Extracted data entries:
#####

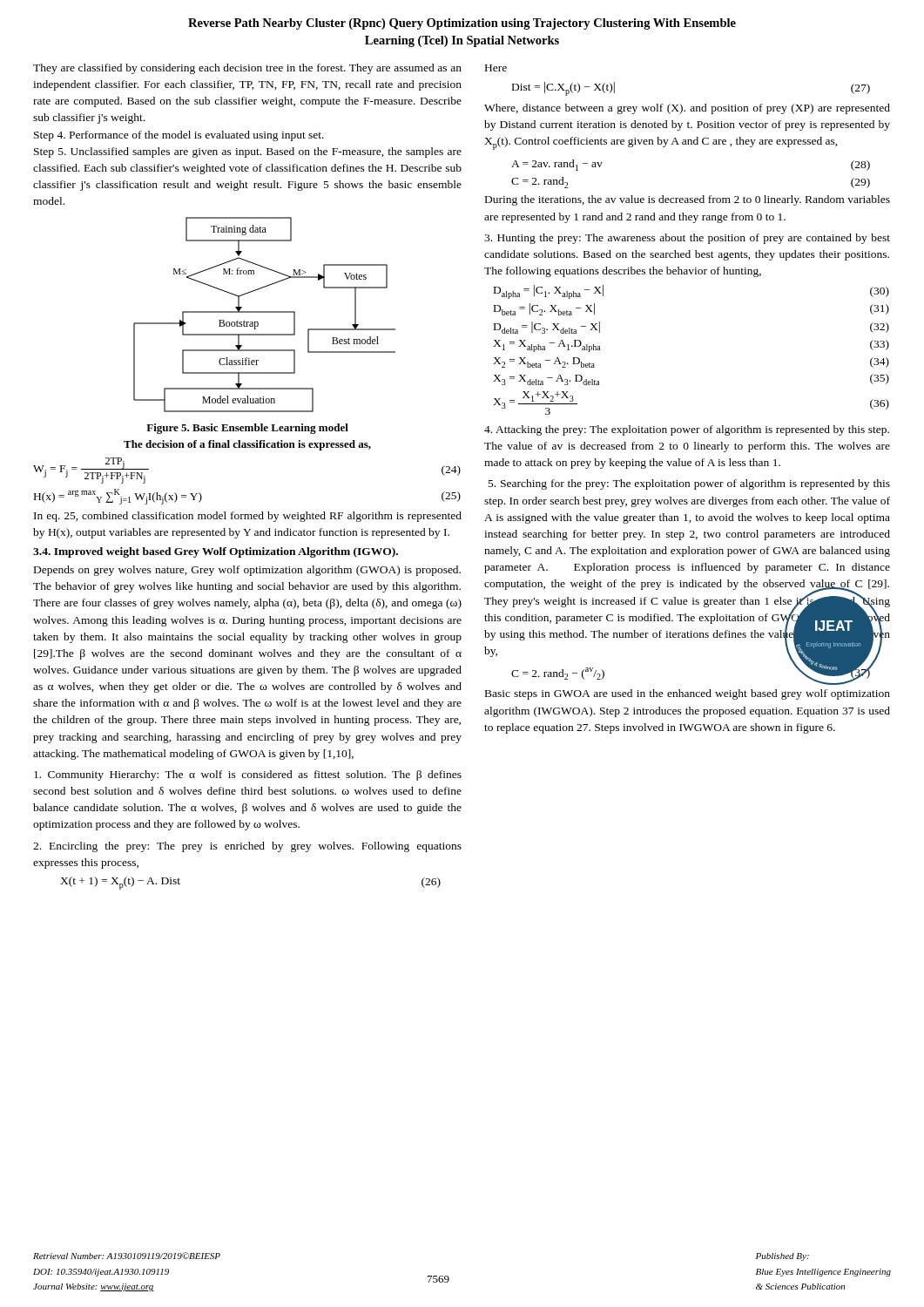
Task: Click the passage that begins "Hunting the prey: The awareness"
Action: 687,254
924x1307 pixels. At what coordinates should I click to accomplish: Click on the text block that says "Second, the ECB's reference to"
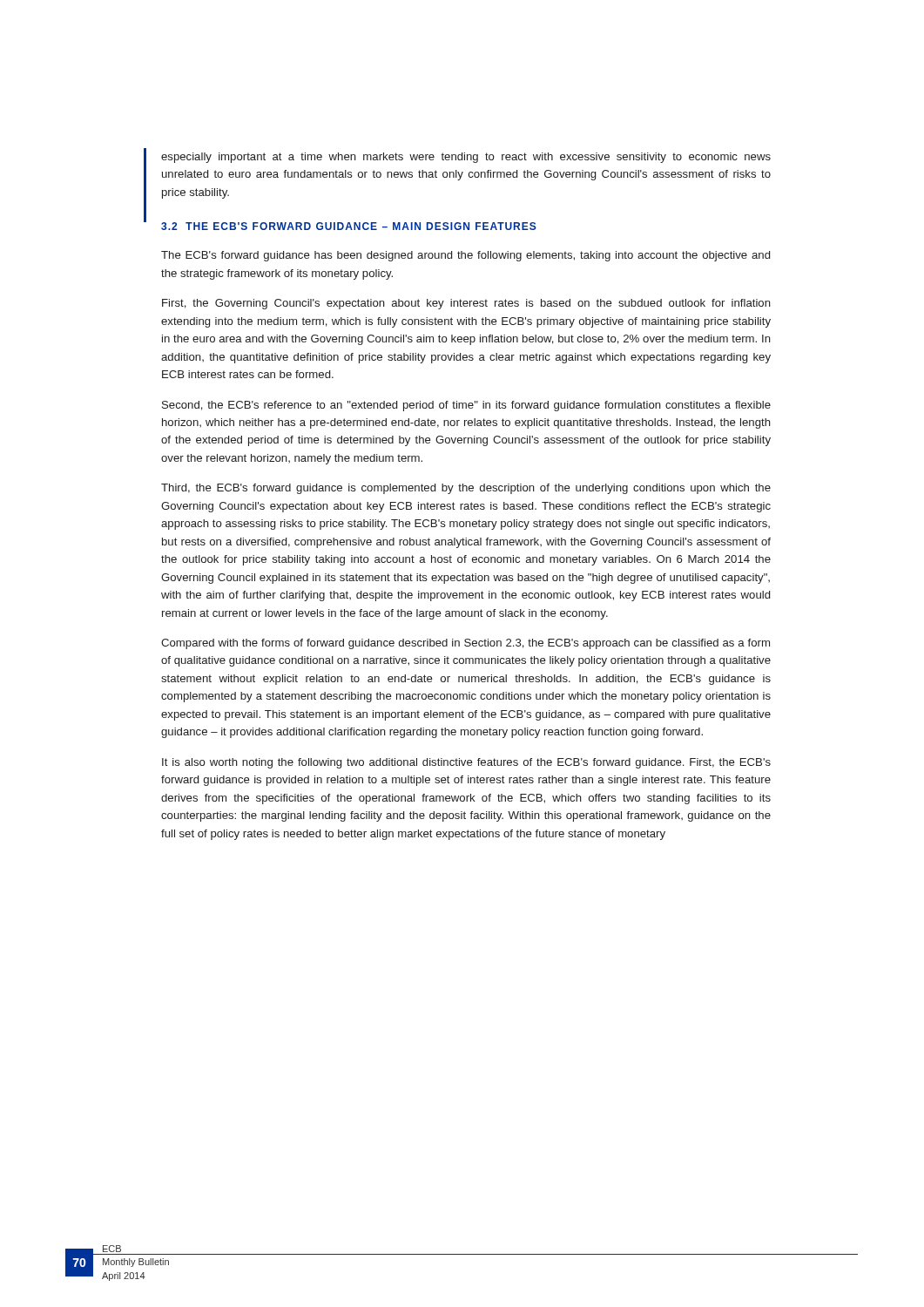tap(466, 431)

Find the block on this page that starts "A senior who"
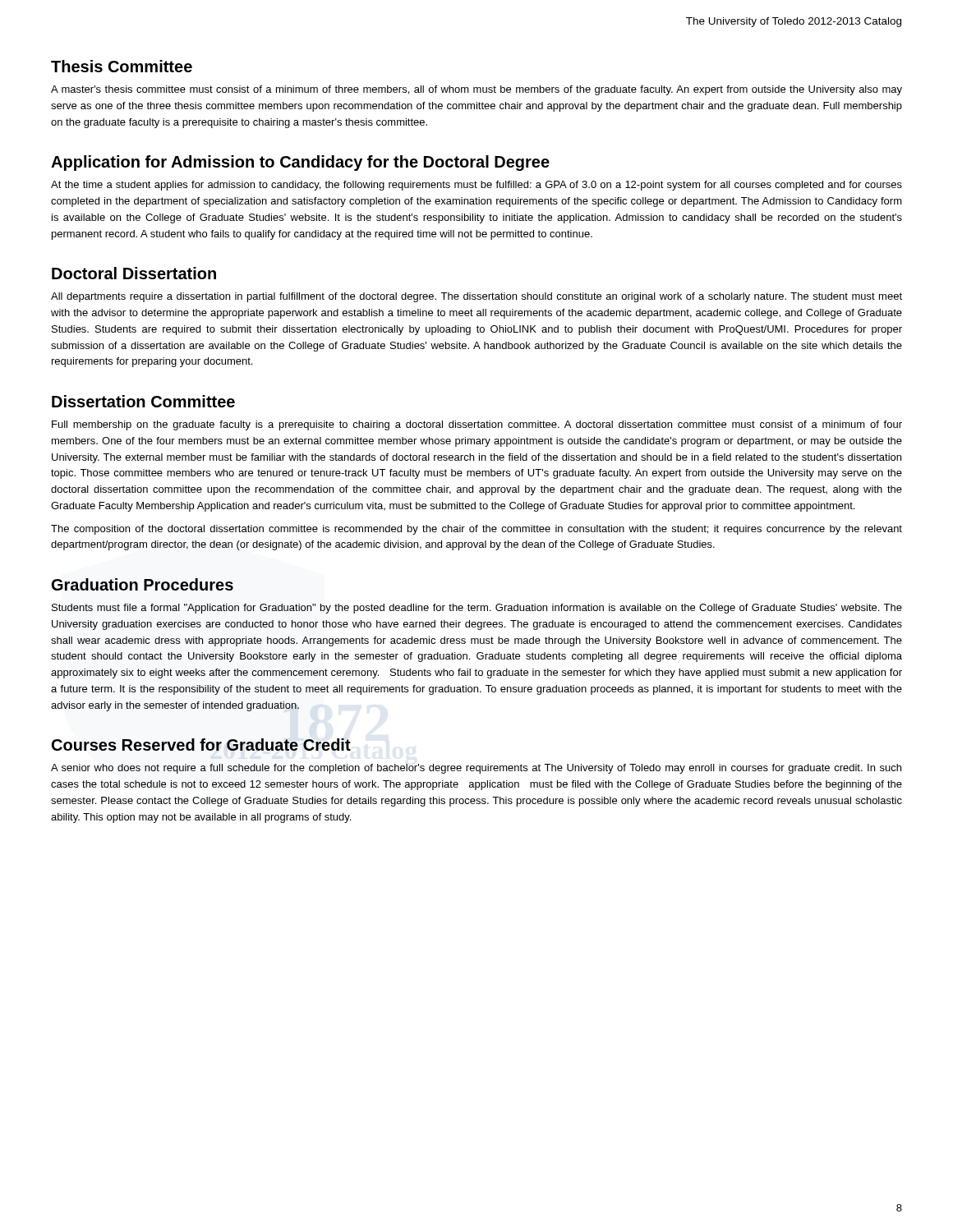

#####

(Aim of the exercise): Every line from the one with "924x1307 pixels. At" through the end of the records above belongs in the answer, copied exactly; no picture does.

(Written answer):
924x1307 pixels. At what coordinates should I click to accomplish: Click on the text block that says "Second, the ECB's reference to"
tap(466, 431)

Find the block on this page that starts "A senior who"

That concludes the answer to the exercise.